Collected data entries:

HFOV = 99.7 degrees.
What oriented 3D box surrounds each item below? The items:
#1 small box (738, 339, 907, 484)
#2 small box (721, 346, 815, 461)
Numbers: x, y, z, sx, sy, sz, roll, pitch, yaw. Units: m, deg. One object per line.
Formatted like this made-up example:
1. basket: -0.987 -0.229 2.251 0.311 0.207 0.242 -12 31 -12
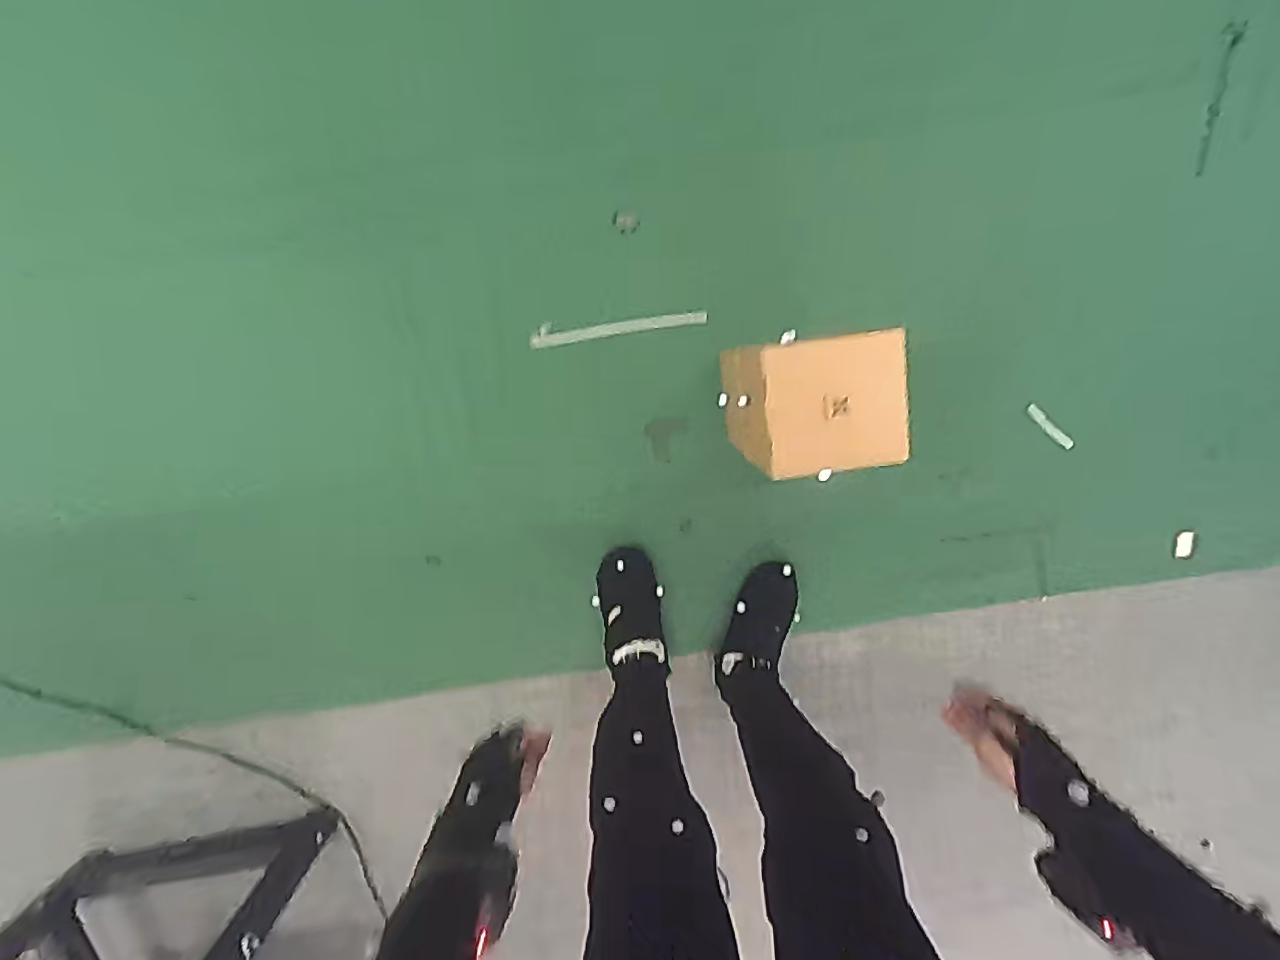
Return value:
1. small box: 0.245 -0.101 0.755 0.179 0.176 0.168 -8 101 2
2. small box: 0.243 -0.135 0.914 0.179 0.176 0.168 -7 101 1
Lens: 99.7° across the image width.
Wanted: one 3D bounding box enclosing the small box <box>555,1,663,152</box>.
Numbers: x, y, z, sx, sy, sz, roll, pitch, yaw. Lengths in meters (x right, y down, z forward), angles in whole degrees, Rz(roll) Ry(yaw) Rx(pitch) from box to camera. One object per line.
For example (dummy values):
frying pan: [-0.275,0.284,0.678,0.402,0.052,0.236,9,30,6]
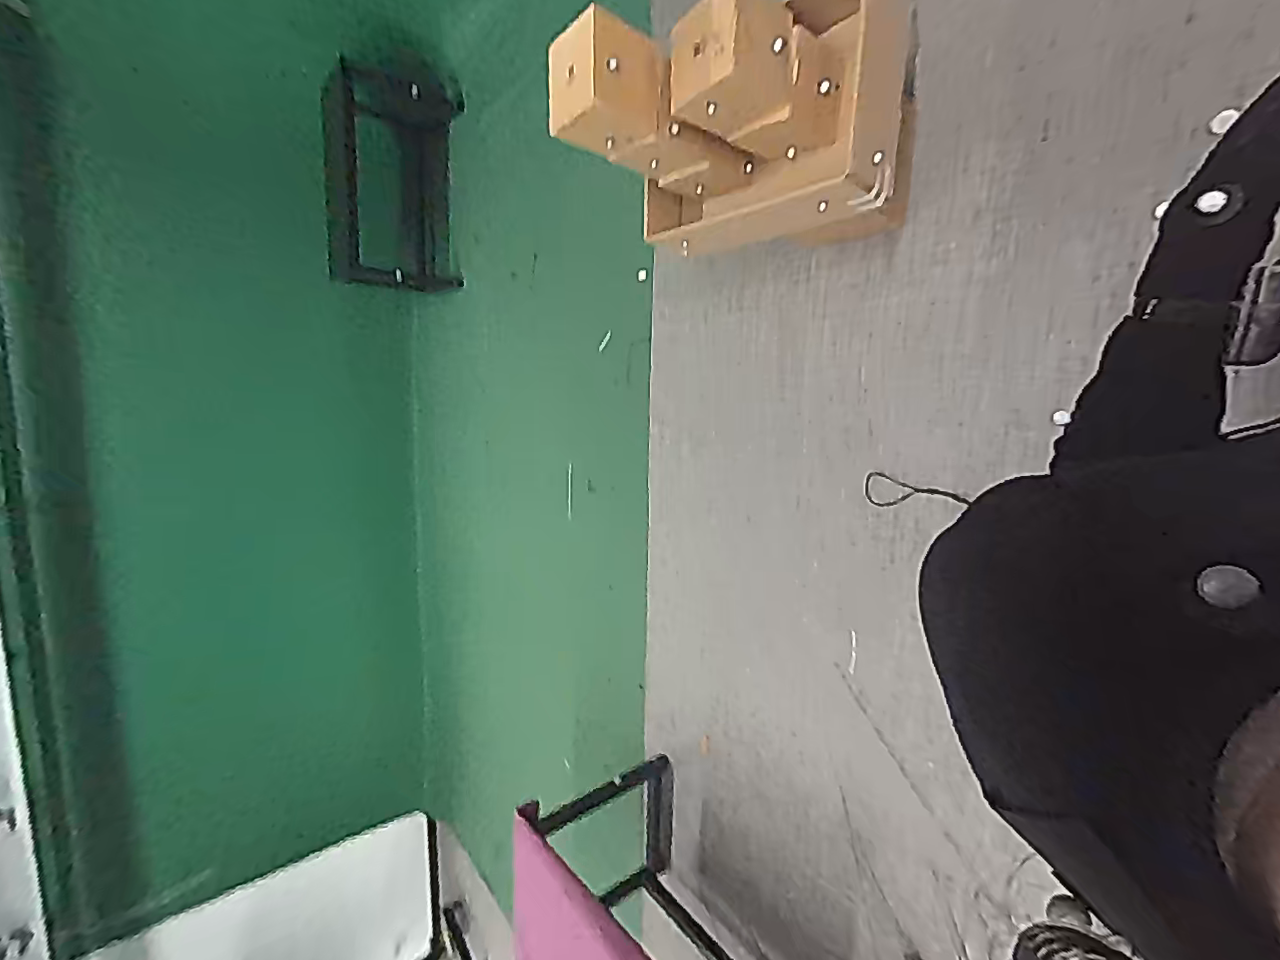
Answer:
small box: [-0.064,-0.835,1.141,0.168,0.176,0.179,9,101,50]
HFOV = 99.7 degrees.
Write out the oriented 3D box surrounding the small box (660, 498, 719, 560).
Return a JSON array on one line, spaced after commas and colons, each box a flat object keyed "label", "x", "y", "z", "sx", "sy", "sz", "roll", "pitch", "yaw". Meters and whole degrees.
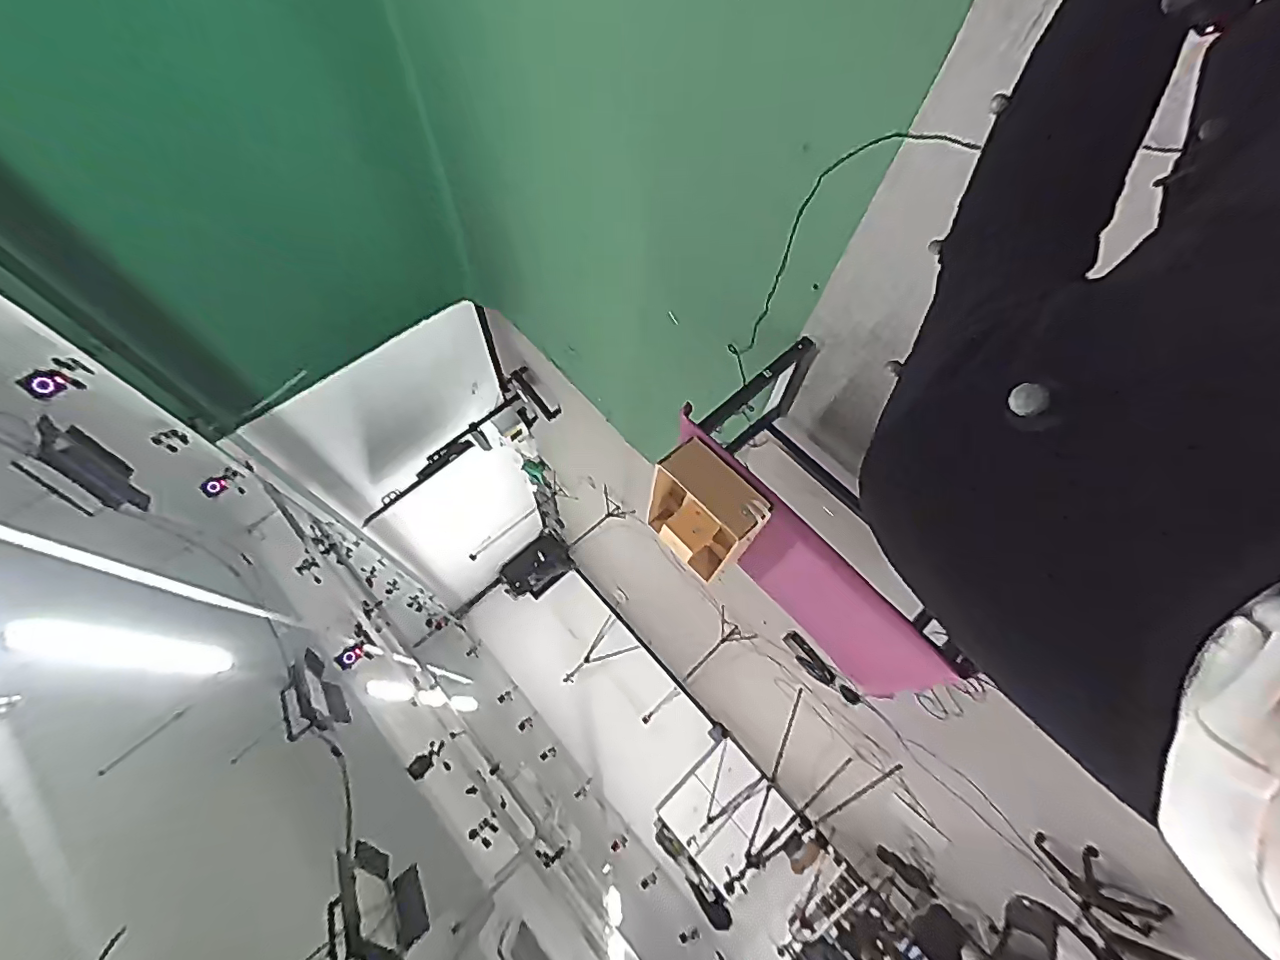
[{"label": "small box", "x": 0.209, "y": 0.202, "z": 2.257, "sx": 0.168, "sy": 0.176, "sz": 0.179, "roll": 44, "pitch": 160, "yaw": 13}]

→ PROBLEM: Once the pictures are set aside, please output all the data word for word.

→ RESPONSE AREA:
HFOV = 99.7 degrees.
What oriented 3D box surrounds each item below? The items:
#1 small box (738, 339, 907, 484)
#2 small box (721, 346, 815, 461)
Numbers: x, y, z, sx, sy, sz, roll, pitch, yaw. Units: m, deg. One object per line.
Formatted like this made-up example:
1. basket: -0.987 -0.229 2.251 0.311 0.207 0.242 -12 31 -12
Return value:
1. small box: 0.245 -0.101 0.755 0.179 0.176 0.168 -8 101 2
2. small box: 0.243 -0.135 0.914 0.179 0.176 0.168 -7 101 1
Lens: 99.7° across the image width.
Wanted: one 3D bounding box enclosing the small box <box>555,1,663,152</box>.
Numbers: x, y, z, sx, sy, sz, roll, pitch, yaw. Lengths in meters (x right, y down, z forward), angles in whole degrees, Rz(roll) Ry(yaw) Rx(pitch) from box to camera. One object per line.
For example (dummy values):
frying pan: [-0.275,0.284,0.678,0.402,0.052,0.236,9,30,6]
Answer:
small box: [-0.064,-0.835,1.141,0.168,0.176,0.179,9,101,50]
HFOV = 99.7 degrees.
Write out the oriented 3D box surrounding the small box (660, 498, 719, 560).
Return a JSON array on one line, spaced after commas and colons, each box a flat object keyed "label", "x", "y", "z", "sx", "sy", "sz", "roll", "pitch", "yaw". Meters and whole degrees.
[{"label": "small box", "x": 0.209, "y": 0.202, "z": 2.257, "sx": 0.168, "sy": 0.176, "sz": 0.179, "roll": 44, "pitch": 160, "yaw": 13}]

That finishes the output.